→ Problem
Please make an exact transcription of the records, keeping the pictures out of it.

→ Records supplied
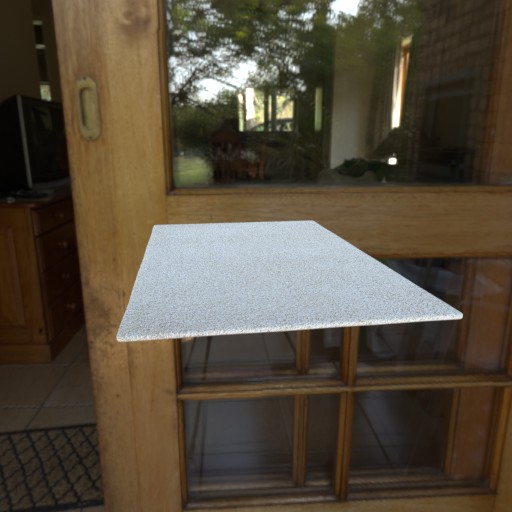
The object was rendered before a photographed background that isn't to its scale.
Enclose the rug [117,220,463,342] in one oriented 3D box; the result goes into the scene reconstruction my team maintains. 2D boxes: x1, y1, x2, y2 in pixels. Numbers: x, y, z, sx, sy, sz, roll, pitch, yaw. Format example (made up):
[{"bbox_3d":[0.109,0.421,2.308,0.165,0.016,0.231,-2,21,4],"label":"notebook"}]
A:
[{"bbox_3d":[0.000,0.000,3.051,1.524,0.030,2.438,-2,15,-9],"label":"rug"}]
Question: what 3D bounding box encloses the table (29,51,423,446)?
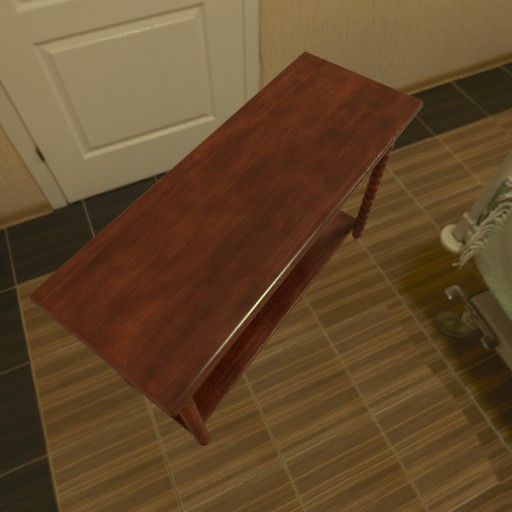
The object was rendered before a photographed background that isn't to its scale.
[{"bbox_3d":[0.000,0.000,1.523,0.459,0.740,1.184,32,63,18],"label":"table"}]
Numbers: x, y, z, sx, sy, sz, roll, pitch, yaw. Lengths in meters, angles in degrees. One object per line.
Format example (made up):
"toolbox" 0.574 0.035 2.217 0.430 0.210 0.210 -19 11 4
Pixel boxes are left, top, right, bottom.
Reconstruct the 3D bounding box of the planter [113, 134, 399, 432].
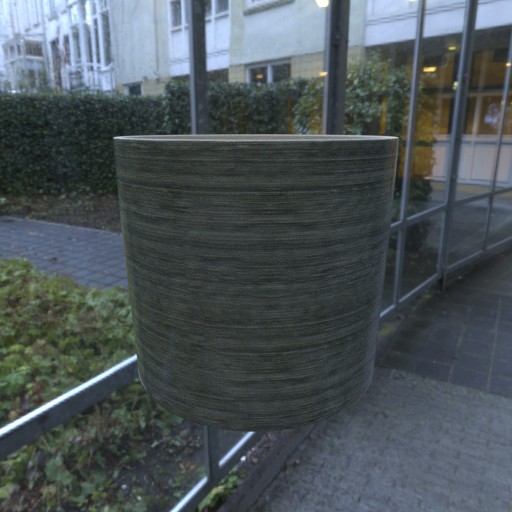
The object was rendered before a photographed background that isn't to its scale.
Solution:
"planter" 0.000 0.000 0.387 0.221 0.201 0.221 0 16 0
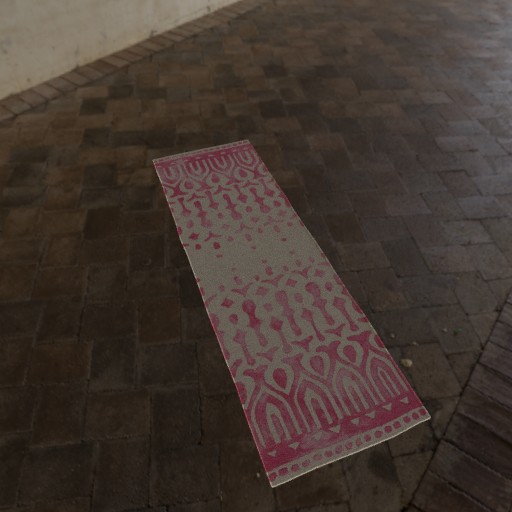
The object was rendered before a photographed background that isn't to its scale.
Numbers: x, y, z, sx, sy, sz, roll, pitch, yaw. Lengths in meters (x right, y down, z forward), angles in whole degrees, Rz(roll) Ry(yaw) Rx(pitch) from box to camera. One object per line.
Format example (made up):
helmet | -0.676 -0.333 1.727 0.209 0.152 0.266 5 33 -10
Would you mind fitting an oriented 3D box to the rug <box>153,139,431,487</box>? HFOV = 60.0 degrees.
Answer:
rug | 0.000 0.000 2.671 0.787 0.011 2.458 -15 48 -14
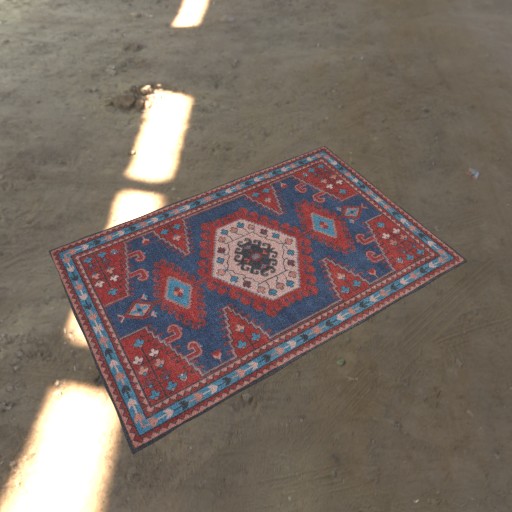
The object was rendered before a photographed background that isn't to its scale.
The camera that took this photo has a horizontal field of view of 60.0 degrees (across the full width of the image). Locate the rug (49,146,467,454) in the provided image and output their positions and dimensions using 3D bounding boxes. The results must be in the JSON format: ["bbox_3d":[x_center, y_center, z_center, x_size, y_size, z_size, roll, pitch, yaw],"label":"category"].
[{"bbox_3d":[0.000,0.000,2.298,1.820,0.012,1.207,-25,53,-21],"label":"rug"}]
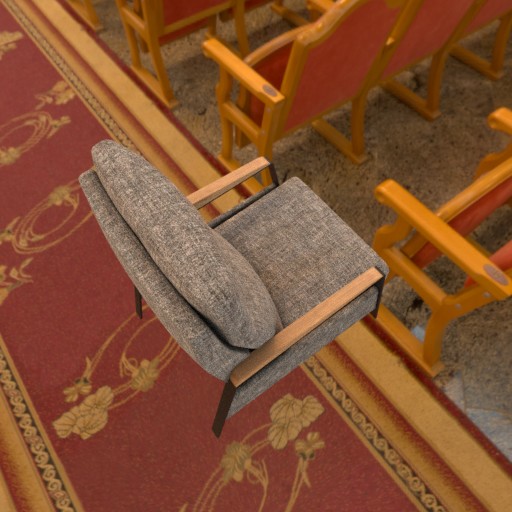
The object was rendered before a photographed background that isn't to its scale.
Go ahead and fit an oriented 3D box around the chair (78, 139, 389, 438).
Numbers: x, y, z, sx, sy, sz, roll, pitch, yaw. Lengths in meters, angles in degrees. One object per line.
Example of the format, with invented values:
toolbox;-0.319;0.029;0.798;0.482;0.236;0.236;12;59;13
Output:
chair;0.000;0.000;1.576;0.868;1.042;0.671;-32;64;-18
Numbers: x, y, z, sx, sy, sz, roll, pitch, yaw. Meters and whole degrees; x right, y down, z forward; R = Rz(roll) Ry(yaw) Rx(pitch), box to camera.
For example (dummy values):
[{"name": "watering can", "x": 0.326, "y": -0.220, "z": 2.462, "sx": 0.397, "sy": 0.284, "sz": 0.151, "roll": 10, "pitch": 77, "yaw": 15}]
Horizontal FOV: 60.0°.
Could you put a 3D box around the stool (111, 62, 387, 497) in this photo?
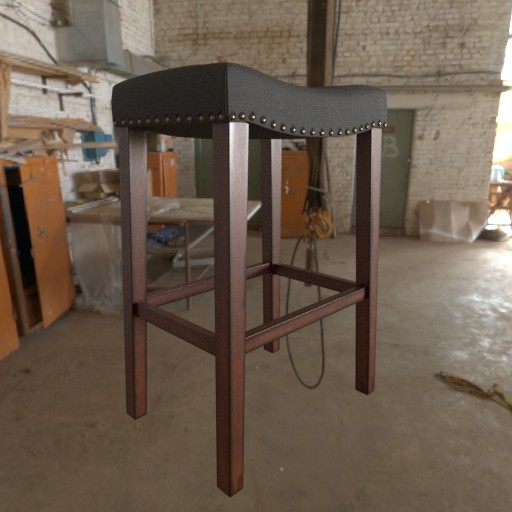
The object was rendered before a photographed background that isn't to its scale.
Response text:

→ Result of the exercise
The object was rendered before a photographed background that isn't to its scale.
Enclose the rug [117,220,463,342] in one oriented 3D box; the result goes into the scene reconstruction my team maintains. 2D boxes: x1, y1, x2, y2 in pixels. Numbers: x, y, z, sx, sy, sz, roll, pitch, yaw. Format example (made up):
[{"bbox_3d":[0.109,0.421,2.308,0.165,0.016,0.231,-2,21,4],"label":"notebook"}]
A:
[{"bbox_3d":[0.000,0.000,3.051,1.524,0.030,2.438,-2,15,-9],"label":"rug"}]
Question: what 3D bounding box encloses the table (29,51,423,446)?
The object was rendered before a photographed background that isn't to its scale.
[{"bbox_3d":[0.000,0.000,1.523,0.459,0.740,1.184,32,63,18],"label":"table"}]
Numbers: x, y, z, sx, sy, sz, roll, pitch, yaw. Lengths in meters, angles in degrees. One object per line.
Format example (made up):
"toolbox" 0.574 0.035 2.217 0.430 0.210 0.210 -19 11 4
Pixel boxes are left, top, right, bottom.
Reconstruct the 3D bounding box of the planter [113, 134, 399, 432].
The object was rendered before a photographed background that isn't to its scale.
Solution:
"planter" 0.000 0.000 0.387 0.221 0.201 0.221 0 16 0
The object was rendered before a photographed background that isn't to its scale.
Numbers: x, y, z, sx, sy, sz, roll, pitch, yaw. Lengths in meters (x right, y down, z forward), angles in whole degrees, Rz(roll) Ry(yaw) Rx(pitch) from box to camera. One object per line.
Format example (made up):
helmet | -0.676 -0.333 1.727 0.209 0.152 0.266 5 33 -10
Would you mind fitting an oriented 3D box to the rug <box>153,139,431,487</box>? HFOV = 60.0 degrees.
Answer:
rug | 0.000 0.000 2.671 0.787 0.011 2.458 -15 48 -14
The object was rendered before a photographed background that isn't to its scale.
The camera that took this photo has a horizontal field of view of 60.0 degrees (across the full width of the image). Locate the rug (49,146,467,454) in the provided image and output their positions and dimensions using 3D bounding boxes. The results must be in the JSON format: ["bbox_3d":[x_center, y_center, z_center, x_size, y_size, z_size, roll, pitch, yaw],"label":"category"].
[{"bbox_3d":[0.000,0.000,2.298,1.820,0.012,1.207,-25,53,-21],"label":"rug"}]
The object was rendered before a photographed background that isn't to its scale.
Go ahead and fit an oriented 3D box around the chair (78, 139, 389, 438).
Numbers: x, y, z, sx, sy, sz, roll, pitch, yaw. Lengths in meters, angles in degrees. One object per line.
Example of the format, with invented values:
toolbox;-0.319;0.029;0.798;0.482;0.236;0.236;12;59;13
Output:
chair;0.000;0.000;1.576;0.868;1.042;0.671;-32;64;-18
Numbers: x, y, z, sx, sy, sz, roll, pitch, yaw. Meters and whole degrees; x right, y down, z forward; R = Rz(roll) Ry(yaw) Rx(pitch), box to camera.
For example (dummy values):
[{"name": "watering can", "x": 0.326, "y": -0.220, "z": 2.462, "sx": 0.397, "sy": 0.284, "sz": 0.151, "roll": 10, "pitch": 77, "yaw": 15}]
Horizontal FOV: 60.0°.
Could you put a 3D box around the stool (111, 62, 387, 497) in this photo?
The object was rendered before a photographed background that isn't to its scale.
Response text:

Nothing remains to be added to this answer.